* Directions: Copy, in full, each line of the material that holds the word "Answer".

####################

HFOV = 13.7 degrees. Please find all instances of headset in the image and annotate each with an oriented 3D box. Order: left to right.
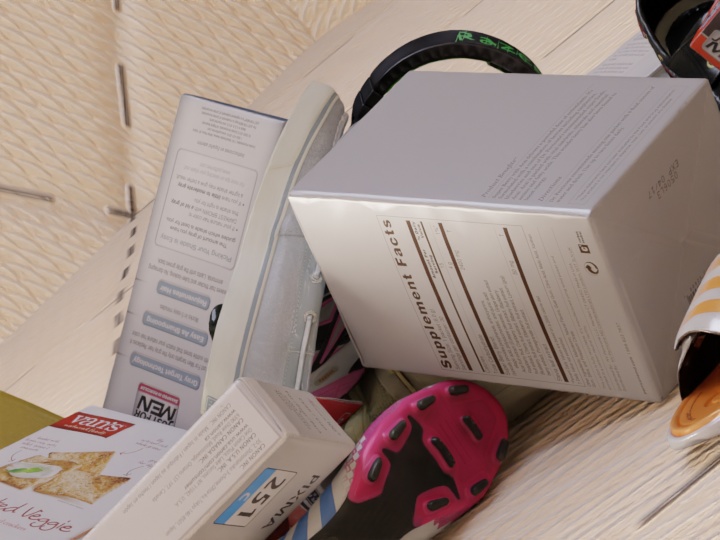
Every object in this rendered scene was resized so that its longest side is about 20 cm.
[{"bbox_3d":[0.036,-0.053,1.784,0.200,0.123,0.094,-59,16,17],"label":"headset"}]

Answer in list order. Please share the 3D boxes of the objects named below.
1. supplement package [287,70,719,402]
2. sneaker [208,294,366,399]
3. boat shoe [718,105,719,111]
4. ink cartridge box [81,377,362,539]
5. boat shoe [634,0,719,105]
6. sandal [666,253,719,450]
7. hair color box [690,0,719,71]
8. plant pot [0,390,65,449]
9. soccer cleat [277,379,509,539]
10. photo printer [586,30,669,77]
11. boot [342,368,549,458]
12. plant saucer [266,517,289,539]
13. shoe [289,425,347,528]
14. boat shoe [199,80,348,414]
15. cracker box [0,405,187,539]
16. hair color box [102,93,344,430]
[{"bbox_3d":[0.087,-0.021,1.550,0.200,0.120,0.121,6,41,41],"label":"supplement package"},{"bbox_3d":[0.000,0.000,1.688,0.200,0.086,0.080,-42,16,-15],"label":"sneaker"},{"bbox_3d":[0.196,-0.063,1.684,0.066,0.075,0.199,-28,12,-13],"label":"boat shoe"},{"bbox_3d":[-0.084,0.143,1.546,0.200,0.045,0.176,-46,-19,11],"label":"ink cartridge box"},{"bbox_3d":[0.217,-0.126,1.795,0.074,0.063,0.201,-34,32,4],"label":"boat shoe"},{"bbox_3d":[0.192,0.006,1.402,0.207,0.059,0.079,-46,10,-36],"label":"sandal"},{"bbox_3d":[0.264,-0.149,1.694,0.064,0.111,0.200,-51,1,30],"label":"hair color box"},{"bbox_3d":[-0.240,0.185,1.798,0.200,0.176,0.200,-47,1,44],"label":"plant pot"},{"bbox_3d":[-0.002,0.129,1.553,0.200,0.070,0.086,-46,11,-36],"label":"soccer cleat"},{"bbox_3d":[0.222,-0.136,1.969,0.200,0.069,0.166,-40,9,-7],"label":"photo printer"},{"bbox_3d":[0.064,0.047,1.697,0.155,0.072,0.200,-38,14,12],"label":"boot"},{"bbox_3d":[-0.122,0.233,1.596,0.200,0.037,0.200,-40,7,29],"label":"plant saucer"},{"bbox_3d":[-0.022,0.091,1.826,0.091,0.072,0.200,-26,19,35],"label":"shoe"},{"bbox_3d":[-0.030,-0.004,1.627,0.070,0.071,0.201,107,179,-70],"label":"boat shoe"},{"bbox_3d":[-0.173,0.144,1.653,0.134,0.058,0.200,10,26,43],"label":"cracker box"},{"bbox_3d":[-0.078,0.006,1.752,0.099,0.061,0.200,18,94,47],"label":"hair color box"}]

####################

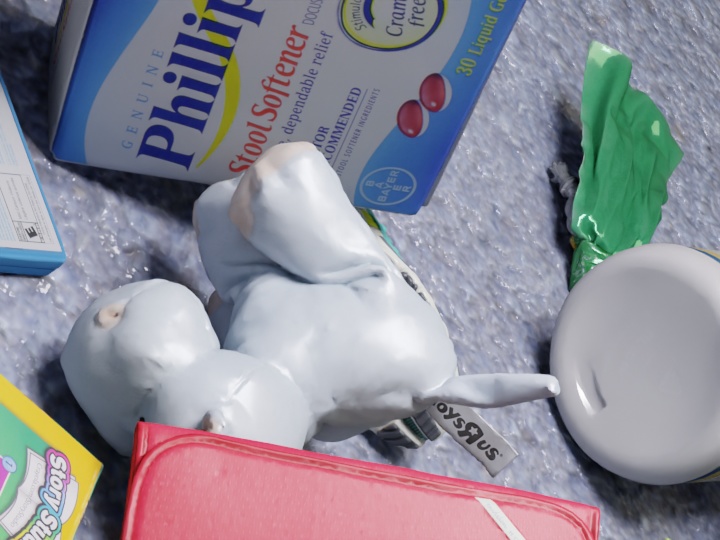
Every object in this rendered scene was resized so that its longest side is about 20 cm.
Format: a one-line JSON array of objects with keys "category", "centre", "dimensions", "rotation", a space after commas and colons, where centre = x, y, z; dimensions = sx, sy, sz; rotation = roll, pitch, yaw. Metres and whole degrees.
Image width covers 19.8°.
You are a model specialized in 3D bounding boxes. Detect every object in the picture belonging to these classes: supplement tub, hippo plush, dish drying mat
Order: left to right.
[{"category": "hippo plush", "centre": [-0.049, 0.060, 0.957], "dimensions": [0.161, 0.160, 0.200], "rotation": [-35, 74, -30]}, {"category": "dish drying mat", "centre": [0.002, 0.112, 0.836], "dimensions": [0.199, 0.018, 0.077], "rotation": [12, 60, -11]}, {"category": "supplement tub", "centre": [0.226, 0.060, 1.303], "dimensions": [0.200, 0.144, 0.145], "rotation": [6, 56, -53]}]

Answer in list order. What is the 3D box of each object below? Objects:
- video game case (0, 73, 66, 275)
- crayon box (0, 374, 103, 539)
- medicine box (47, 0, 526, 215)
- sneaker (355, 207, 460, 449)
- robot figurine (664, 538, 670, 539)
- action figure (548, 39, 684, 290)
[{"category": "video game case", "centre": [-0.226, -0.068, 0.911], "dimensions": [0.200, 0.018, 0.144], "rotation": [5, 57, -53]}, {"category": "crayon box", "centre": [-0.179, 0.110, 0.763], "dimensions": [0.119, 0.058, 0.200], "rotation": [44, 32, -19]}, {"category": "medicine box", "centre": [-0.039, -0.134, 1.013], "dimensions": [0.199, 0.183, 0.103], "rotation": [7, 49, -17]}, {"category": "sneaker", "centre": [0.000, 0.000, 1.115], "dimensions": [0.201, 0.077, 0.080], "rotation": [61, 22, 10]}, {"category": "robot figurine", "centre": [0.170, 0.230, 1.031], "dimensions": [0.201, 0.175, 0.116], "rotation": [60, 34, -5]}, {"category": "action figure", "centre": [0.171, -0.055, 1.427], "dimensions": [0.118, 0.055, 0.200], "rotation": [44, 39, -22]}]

####################

* Written response:
Answer in list order. Please share the 3D boxes of the objects named below.
Answer in list order. What is the 3D box of each object below? Objects:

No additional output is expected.